I have been full of admiration for Pope Francis during his U.S. trip. I thought his addresses to Congress, the United Nations and the U.S. bishops were excellent. But on the way home in the plane, during the press briefing, he addressed the issue of womens ordination. This is how it was reported by Joshua McElwee of the NCR:
“”Pope Francis has again forcefully rejected the possibility of female priests in the Catholic church, saying simply that his predecessor Pope John Paul II decided “that cannot be done.”
In response to a question during a press conference on his flight back to Rome late Sunday/early Monday after an historic ten-day trip to Cuba and the U.S., Francis said that while women may “have the capacity” to be priests John Paul clearly made a negative decision in that regard.
“Women priests — that cannot be done,” the pontiff said bluntly. “Pope St. John Paul II — after long, long discussions, long reflections — said it clearly.”
“Not because women do not have the capacity,” said Francis.
“But, look, in the church, women are more important than men because the church is woman; it is ‘la’ church, not ‘il’ church,” he said, speaking in Italian and referring to the gendered article used before the Italian word for church.
“The Church is the bride of Jesus Christ,” said the pope. “And the Madonna is more important than popes and bishops and priests.”
“I must recognize we are a bit late in an elaboration of the theology of women,” he continued. “We have to move ahead with that theology.
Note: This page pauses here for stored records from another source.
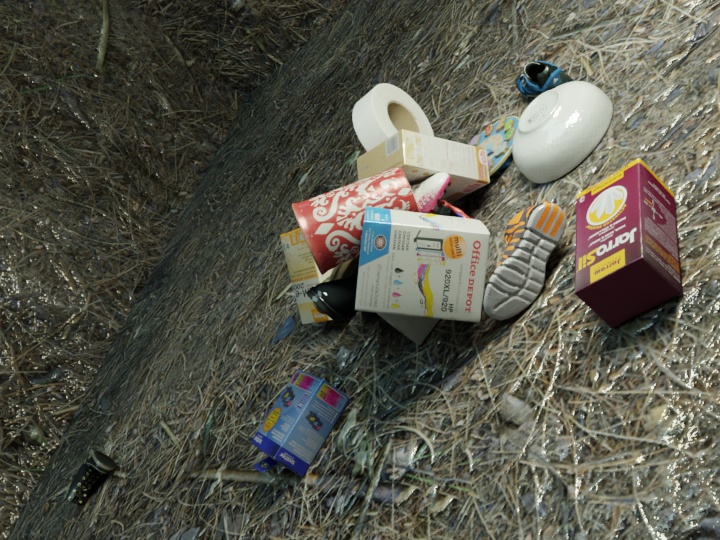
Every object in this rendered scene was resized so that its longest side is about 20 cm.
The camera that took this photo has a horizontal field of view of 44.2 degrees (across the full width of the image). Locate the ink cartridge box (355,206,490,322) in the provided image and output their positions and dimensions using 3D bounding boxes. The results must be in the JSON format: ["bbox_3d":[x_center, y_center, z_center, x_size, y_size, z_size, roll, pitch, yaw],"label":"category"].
[{"bbox_3d":[0.097,-0.011,1.424,0.145,0.198,0.148,-84,0,-78],"label":"ink cartridge box"}]

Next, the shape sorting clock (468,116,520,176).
[{"bbox_3d":[0.244,-0.232,1.772,0.200,0.039,0.201,-42,24,24],"label":"shape sorting clock"}]

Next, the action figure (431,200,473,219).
[{"bbox_3d":[0.150,-0.094,1.678,0.065,0.099,0.200,-57,25,-5],"label":"action figure"}]

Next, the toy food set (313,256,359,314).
[{"bbox_3d":[0.000,0.000,1.744,0.049,0.197,0.201,35,117,31],"label":"toy food set"}]

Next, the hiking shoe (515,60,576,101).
[{"bbox_3d":[0.348,-0.377,1.721,0.075,0.087,0.200,-52,22,1],"label":"hiking shoe"}]

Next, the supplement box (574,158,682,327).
[{"bbox_3d":[0.357,-0.039,1.194,0.110,0.086,0.201,-33,29,38],"label":"supplement box"}]

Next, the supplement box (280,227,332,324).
[{"bbox_3d":[-0.091,0.006,1.870,0.073,0.201,0.126,-15,1,-32],"label":"supplement box"}]

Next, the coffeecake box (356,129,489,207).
[{"bbox_3d":[0.118,-0.188,1.672,0.153,0.199,0.074,-25,63,53],"label":"coffeecake box"}]

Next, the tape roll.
[{"bbox_3d":[0.077,-0.325,2.031,0.071,0.202,0.203,-35,28,37],"label":"tape roll"}]

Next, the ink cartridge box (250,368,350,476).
[{"bbox_3d":[-0.122,0.294,1.654,0.201,0.076,0.136,-59,23,-12],"label":"ink cartridge box"}]

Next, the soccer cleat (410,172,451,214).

Yes, that’s true.”
Francis’ answer on the papal plane is the latest in a series of somewhat controversial and frequently unclear remarks he has made about the role of women in the church.
The pope has previously said that the door to ordination for women was “closed” and has spoken of needing to develop a special theology of women.
He has also said he has stayed away from appointing women to high-level positions in the Vatican bureaucracy for fear of promoting some sort of “functionalism” of women’s roles.
One recent book of 43 essays by Catholic women said the pope’s call for a theology of women “reduce[s] women to objects of study, a separate category of reflection.”
“We resist … any suggestion that the Church needs a theology of ‘Woman’ or ‘womanhood,'” wrote the authors of Catholic Women Speak: Bringing Our Gifts to the Table.
“Rather than a deeper theology of women, we say that the Church needs a deeper theology of the human — a theological anthropology that can be developed only by the full inclusion of women in the process of theological reflection informed by the experiential realities of daily life,” they said.”
What is striking about the way he addresses this topic is the lack of clarity, the blatant contradictions, the general confusion of what he has to say. So much in contrast to the simplicity and clarity he normally shows. He clearly feels bound by the decision of his predecessor. If that is the case, and if he does not feel he can make any move in this area, it would be much better if he did not address the topic at all. Waffling on about how important women are, and how the Madonna is greater than any man, is meaningless and unhelpful.
The lack of equality for women in the Church is an issue that will not, and can not, go away. It will continue to fester, and drive more and more women out of the Church.